▸ Task
Identify and copy all lines of the material where the string "Lengths" is found.

○ ○ ○ ○ ○

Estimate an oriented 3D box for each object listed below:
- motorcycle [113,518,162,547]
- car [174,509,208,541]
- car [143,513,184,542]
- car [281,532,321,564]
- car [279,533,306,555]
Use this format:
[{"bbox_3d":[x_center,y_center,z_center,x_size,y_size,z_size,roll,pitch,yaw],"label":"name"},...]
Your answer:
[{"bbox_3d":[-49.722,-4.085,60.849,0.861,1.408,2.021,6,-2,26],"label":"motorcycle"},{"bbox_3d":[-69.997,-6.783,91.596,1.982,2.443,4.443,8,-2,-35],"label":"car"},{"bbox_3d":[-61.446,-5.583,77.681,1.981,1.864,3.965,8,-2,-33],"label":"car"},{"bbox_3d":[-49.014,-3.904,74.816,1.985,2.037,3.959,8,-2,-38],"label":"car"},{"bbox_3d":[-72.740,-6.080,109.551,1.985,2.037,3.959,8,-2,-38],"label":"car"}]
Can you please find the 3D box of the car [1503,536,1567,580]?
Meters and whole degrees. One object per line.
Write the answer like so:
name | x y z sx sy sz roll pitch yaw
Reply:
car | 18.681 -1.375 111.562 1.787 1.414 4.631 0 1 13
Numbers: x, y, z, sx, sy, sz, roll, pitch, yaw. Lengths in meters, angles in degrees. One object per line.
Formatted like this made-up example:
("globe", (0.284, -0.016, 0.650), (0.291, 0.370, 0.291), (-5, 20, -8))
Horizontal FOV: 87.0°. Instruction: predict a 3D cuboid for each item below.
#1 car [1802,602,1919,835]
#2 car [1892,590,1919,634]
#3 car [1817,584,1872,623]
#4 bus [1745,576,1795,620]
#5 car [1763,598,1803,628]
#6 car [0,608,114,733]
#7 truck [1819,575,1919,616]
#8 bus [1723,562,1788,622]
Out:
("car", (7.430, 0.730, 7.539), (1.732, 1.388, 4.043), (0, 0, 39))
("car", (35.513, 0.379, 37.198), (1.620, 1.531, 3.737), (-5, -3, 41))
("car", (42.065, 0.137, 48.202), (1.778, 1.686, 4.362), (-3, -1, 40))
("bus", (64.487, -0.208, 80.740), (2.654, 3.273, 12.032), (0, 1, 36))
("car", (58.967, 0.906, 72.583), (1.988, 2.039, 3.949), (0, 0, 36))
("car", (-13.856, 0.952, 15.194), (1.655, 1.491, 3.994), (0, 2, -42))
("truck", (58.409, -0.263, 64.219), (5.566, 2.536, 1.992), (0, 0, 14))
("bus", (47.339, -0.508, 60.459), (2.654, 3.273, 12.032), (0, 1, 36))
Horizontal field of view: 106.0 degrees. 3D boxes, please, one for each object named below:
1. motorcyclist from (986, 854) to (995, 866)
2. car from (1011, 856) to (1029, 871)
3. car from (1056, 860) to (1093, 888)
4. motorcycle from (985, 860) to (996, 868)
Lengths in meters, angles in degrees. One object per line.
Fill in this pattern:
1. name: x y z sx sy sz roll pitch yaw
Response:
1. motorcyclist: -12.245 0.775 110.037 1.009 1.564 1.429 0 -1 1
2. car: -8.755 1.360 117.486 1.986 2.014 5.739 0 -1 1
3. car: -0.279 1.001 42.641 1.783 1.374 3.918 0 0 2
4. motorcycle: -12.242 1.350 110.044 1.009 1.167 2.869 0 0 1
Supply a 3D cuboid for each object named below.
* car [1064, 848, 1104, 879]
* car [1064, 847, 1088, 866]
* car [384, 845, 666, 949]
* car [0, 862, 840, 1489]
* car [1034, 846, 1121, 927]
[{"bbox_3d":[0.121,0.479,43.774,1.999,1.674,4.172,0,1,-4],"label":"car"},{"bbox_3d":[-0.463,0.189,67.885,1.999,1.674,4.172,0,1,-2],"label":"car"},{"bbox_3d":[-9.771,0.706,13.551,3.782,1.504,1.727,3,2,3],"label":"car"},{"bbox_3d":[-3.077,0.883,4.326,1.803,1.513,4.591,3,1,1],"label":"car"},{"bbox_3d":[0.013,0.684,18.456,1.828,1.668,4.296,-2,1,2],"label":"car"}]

○ ○ ○ ○ ○

▸ Result for this task
Numbers: x, y, z, sx, sy, sz, roll, pitch, yaw. Lengths in meters, angles in degrees. One object per line.
Lengths in meters, angles in degrees. One object per line.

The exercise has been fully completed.